La comanteta con anticuerpo anti-SUMO23 8A2 confirmó la co-localización de KmUTAG-FL con la señal SUMO23. Esto valida la eficacia de KmUTAG-FL para detectar SUMO23 en células de mamíferos. Gónadas aisladas de hermafrodita adulta productora de ovocitos c.
los nematodos de elegans fueron etiquetados con anticuerpos anti-SUMO. De acuerdo con informes anteriores, anticuerpos anti-SUMO inicialmente localizados en el plasmo nuclear de los oocitos de profosa miótica tardía. Luego se redistribuyó al complejo de anillos centrales de los homólogos emparejados a medida que la envolvente nuclear se rompía y los cromosomas se congresoban hacia la placa metafásica.
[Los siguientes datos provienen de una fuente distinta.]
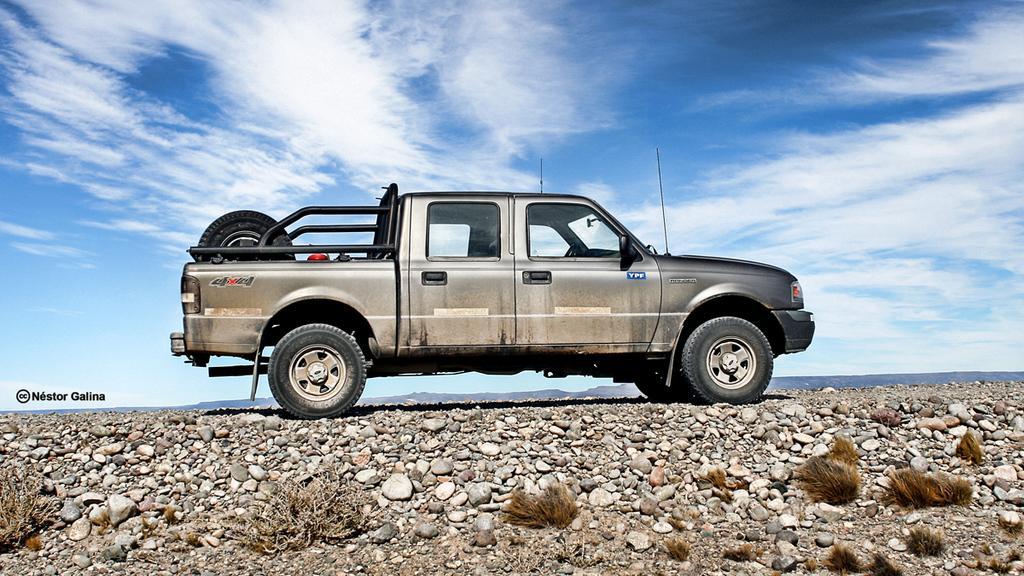How would you summarize this image in a sentence or two? In this picture there is a car. On the bottom we can see grass and stones. On the top we can see and clouds. Here we can see wheel on the car. On the left there is a watermark.

En preparaciones paralelas, las gónadas etiquetadas con KmUTAG-FL revelaron patrones similares. KmUTAG-FL cambió de etiquetar el nucleoplasmo a concentrarse en el complejo de anillos a medida que los ovocitos comenzaron y completaron el proceso de descomposición de la envolvente nuclear. Estos resultados validan KmUTAG-FL como una herramienta útil para el análisis de la miosis y los procesos relacionados con SUMO en c.
elegans y posiblemente otros nematodos. Al realizar la fijación, es fundamental utilizar paraformaldehído fresco y un corto tiempo de fijación para mantener suMO plegado de forma nativa para que pueda ser reconocido por el KmUTAG. Dado que la estructura terciaria de SUMO está altamente conservada, es muy probable que las variantes SUMO de sistemas adicionales de modelos y no modelos puedan ser analizadas con el reactivo KmUTAG-FL.
Actualmente, estamos utilizando esta nueva proteína UTAG fluorescente que atrapa SUMO para estudiar la función de SUMO durante el estrés celular. Por último, tenga en cuenta que todos los pasos que utilizan el paraformaldehído fijado deben realizarse en una campana de seguridad de laboratorio y este reactivo debe eliminarse correctamente.